▸ **Prompt**: Without pictures, retype the following entries exactly.

---------- Extracted data ----------

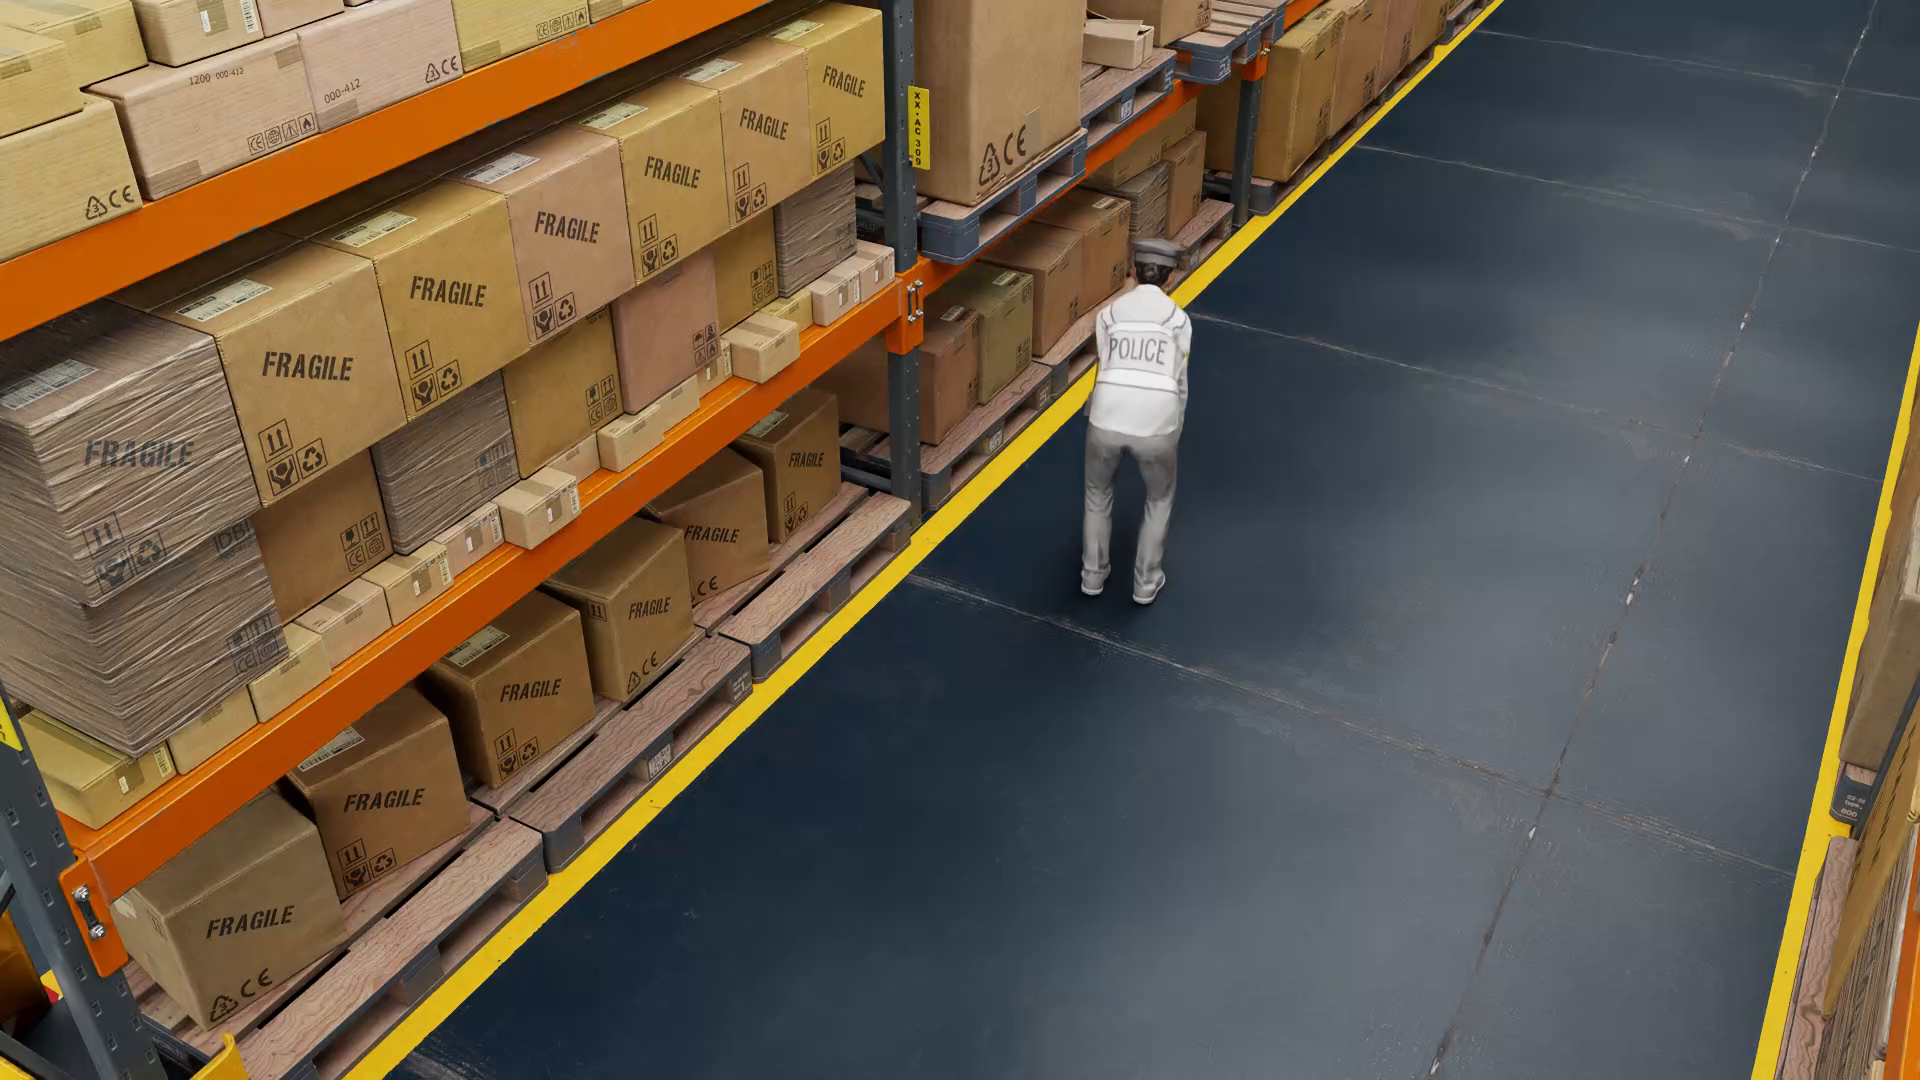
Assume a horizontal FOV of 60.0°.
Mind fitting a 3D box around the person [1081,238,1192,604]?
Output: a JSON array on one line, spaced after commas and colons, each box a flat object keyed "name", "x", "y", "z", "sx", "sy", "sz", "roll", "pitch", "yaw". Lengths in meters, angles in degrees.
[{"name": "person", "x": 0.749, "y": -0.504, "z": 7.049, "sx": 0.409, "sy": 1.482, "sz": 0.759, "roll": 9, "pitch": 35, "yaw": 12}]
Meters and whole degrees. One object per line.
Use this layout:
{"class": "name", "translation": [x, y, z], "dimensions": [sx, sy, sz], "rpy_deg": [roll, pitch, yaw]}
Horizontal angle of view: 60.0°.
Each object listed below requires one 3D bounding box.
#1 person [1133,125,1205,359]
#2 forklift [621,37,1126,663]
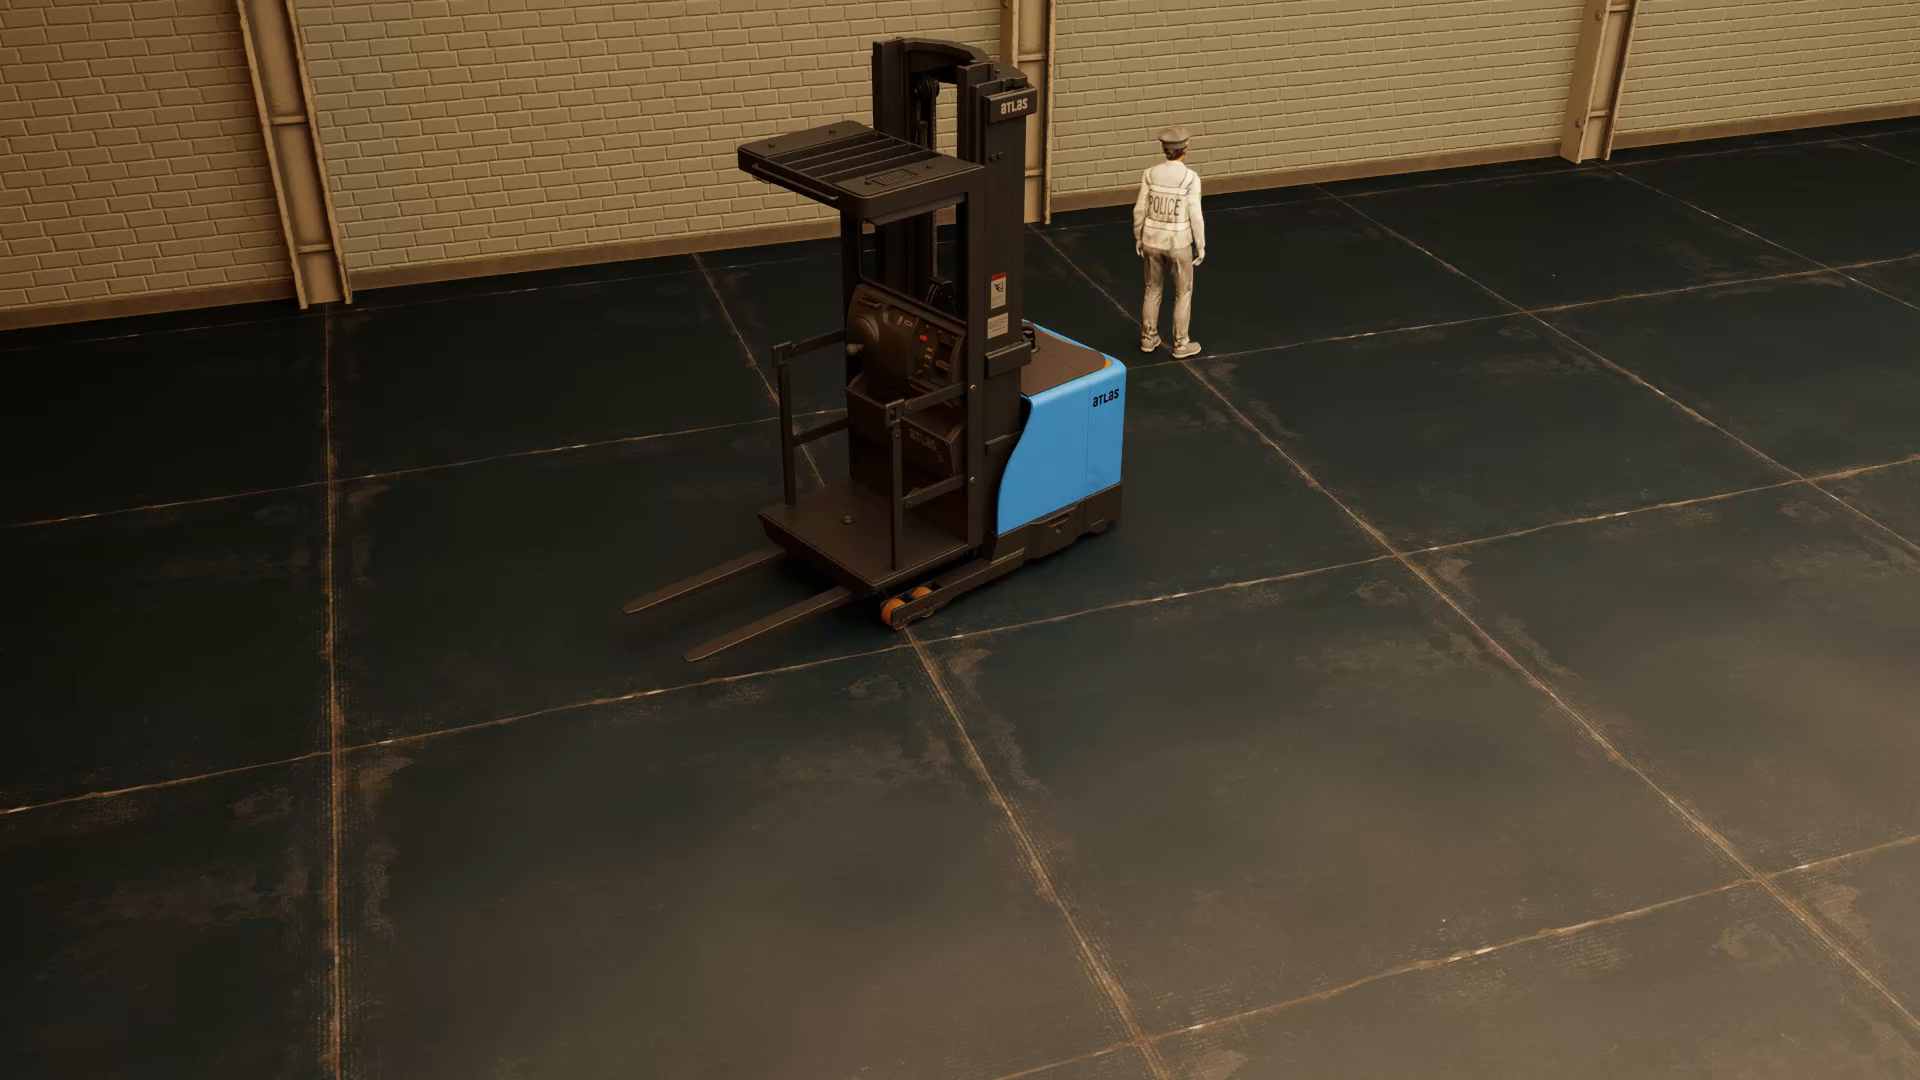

----------

▸ **Task result**:
Assume a horizontal FOV of 60.0°.
Mind fitting a 3D box around the person [1081,238,1192,604]?
Output: a JSON array on one line, spaced after commas and colons, each box a flat object keyed "name", "x", "y", "z", "sx", "sy", "sz", "roll", "pitch", "yaw". Lengths in meters, angles in degrees.
[{"name": "person", "x": 0.749, "y": -0.504, "z": 7.049, "sx": 0.409, "sy": 1.482, "sz": 0.759, "roll": 9, "pitch": 35, "yaw": 12}]
Meters and whole degrees. One object per line.
Use this layout:
{"class": "name", "translation": [x, y, z], "dimensions": [sx, sy, sz], "rpy_deg": [roll, pitch, yaw]}
Horizontal angle of view: 60.0°.
Each object listed below requires one 3D bounding box.
#1 person [1133,125,1205,359]
#2 forklift [621,37,1126,663]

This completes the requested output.